Table of Contents

Identity brokering (external providers)

Sphinx can act as an identity broker (also known as an IdP proxy or identity federation): client applications still talk only to Sphinx as their OpenID Connect provider, but behind the scenes Sphinx delegates the actual authentication to an upstream OAuth2/OpenID Connect server. Sphinx receives the upstream result, lets your application map the upstream identity to a local user, and then completes the original request with its own Sphinx-issued tokens.

This is useful when you want your applications to authenticate against an existing identity provider (a corporate IdP, Google, Microsoft Entra, another Sphinx server, etc.) while still issuing and controlling your own tokens, users, scopes and sessions.

How the flow works

When a client application starts an authorization request and there is no active Sphinx session, Sphinx fires the TSphinxConfig.​OnResolve​External​Provider event.
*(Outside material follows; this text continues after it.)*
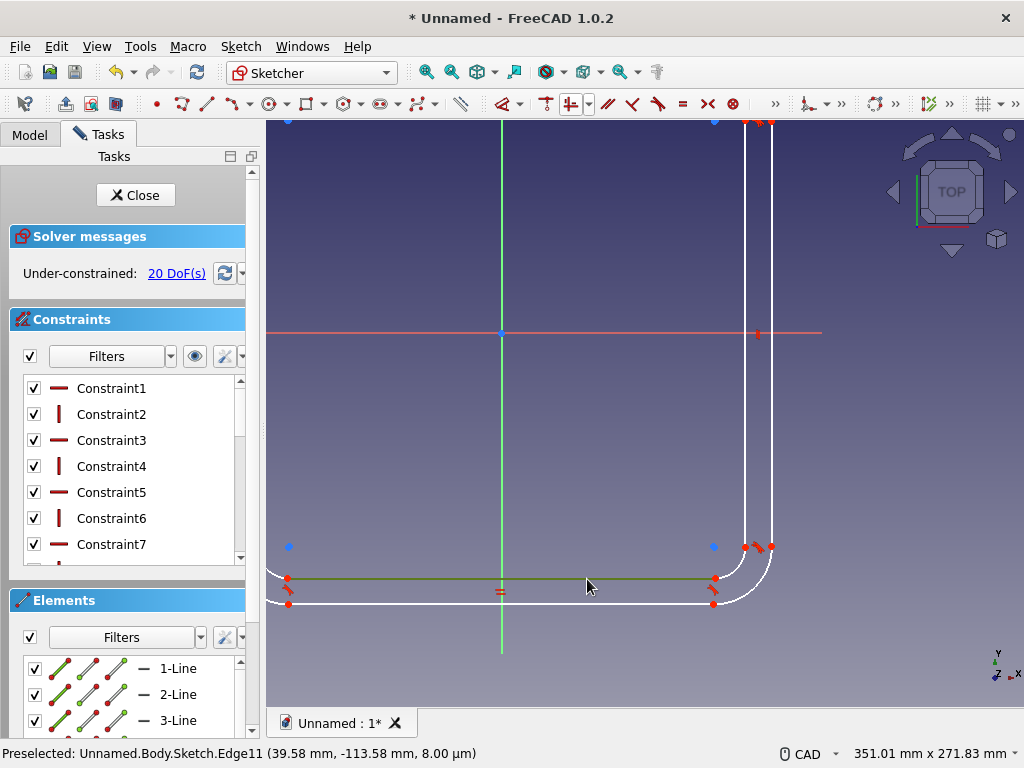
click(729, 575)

If the event handler selects an upstream provider, Sphinx:

  1. Redirects the browser to the upstream provider's authorization endpoint (using the authorization-code flow with PKCE, state and nonce).
  2. After the user authenticates at the upstream provider, receives the callback at oauth/external/callback, exchanges the code for the upstream tokens and validates the id_token.
  3. Fires the TSphinxConfig.​OnExternal​SignIn event so your application can resolve which local user the upstream identity maps to.
  4. Establishes the Sphinx session for that user (enforcing two-factor authentication if required) and resumes the original request, redirecting back to the client application with a Sphinx authorization code or token.
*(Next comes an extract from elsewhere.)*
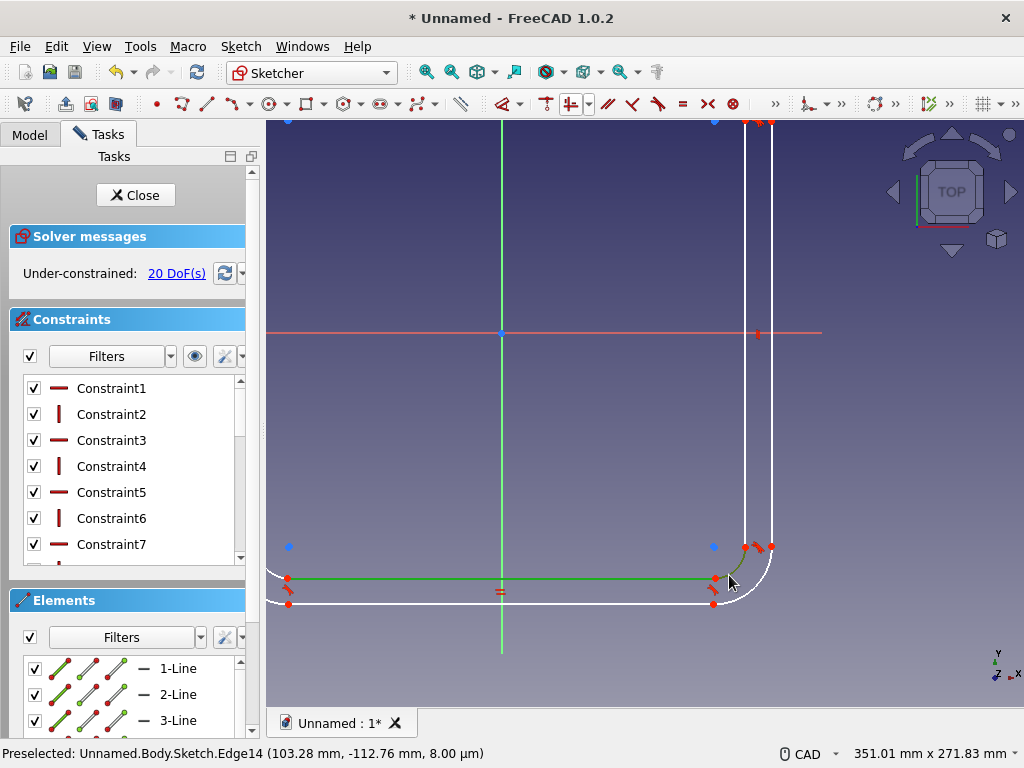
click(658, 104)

If the resolver does not select a provider, Sphinx falls back to its normal interactive login.

Registering an upstream provider

Upstream providers are registered in the TSphinxConfig.​External​Providers collection. You can add them at design-time, by double-clicking the ExternalProviders property, or from code by calling ExternalProviders.Add, which creates a TSphinxExternal​Provider.
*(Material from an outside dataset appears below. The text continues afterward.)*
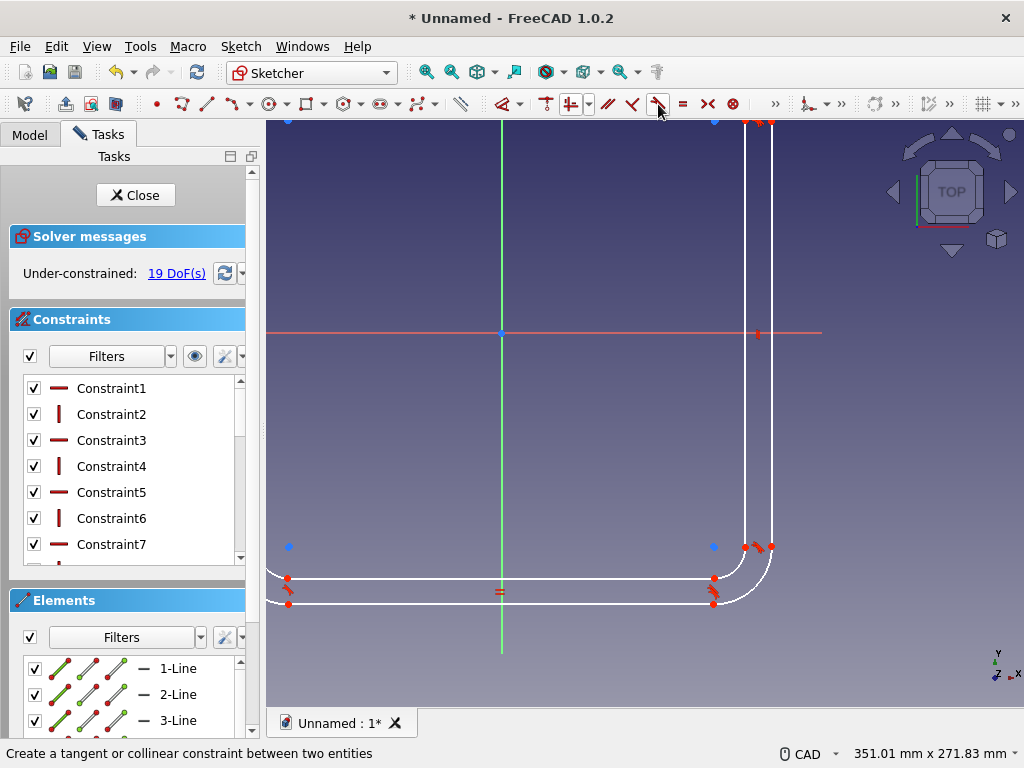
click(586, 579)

At a minimum, set a unique TSphinxExternal​Provider.​Name (used to reference the provider from code), the TSphinxExternal​Provider.​Authority, and the TSphinxExternal​Provider.​ClientId/TSphinxExternal​Provider.​Client​Secret registered for Sphinx at that provider.

  Provider := SphinxConfig1.ExternalProviders.Add;
  Provider.Name := 'google';
  Provider.DisplayName := 'Google';
  Provider.Authority := 'https://accounts.google.com';
  Provider.ClientId := 'your-client-id';
  Provider.ClientSecret := 'your-client-secret';
  Provider.Scope := 'openid email profile';
  Provider.AutoDiscover := True;

When TSphinxExternal​Provider.​Auto​Discover is True (the default), Sphinx fetches the provider's discovery document from Authority + "/.well-known/openid-configuration" to obtain the endpoint URLs. For providers without discovery, set AutoDiscover := False and provide TSphinxExternal​Provider.​Issuer, TSphinxExternal​Provider.​Authorization​Endpoint and TSphinxExternal​Provider.​Token​Endpoint manually.

The redirect URI Sphinx uses with the upstream provider is its own external callback endpoint, oauth/external/callback (relative to the Sphinx base URL). Register that URL as an allowed redirect URI at the upstream provider.

Sphinx can reach an upstream provider in two ways, which can be combined:

Multi-tenant providers

Some providers are multi-tenant: a single application accepts users from many tenants (organizations), and the iss (issuer) claim in the resulting token differs per tenant. The prime example is Microsoft Entra ("Login with Microsoft") configured with the organizations or common authority, e.g.:

Provider := SphinxConfig1.ExternalProviders.Add;
Provider.Name := 'microsoft';
Provider.DisplayName := 'Microsoft';
Provider.Authority := 'https://login.microsoftonline.com/organizations/v2.0';
Provider.ClientId := '<your-app-client-id>';
Provider.ClientSecret := '<your-app-client-secret>';
Provider.ShowInLoginPage := True;
Provider.IconUrl := 'img/providers/microsoft.svg';

For such providers the discovery document does not return a fixed issuer; it returns a template with a {tenantid} placeholder, for example https://login.microsoftonline.com/{tenantid}/v2.0. Each user's token then carries the concrete issuer for their own tenant, such as https://login.microsoftonline.com/9188040d-6c67-4c5b-b112-36a304b66dad/v2.0.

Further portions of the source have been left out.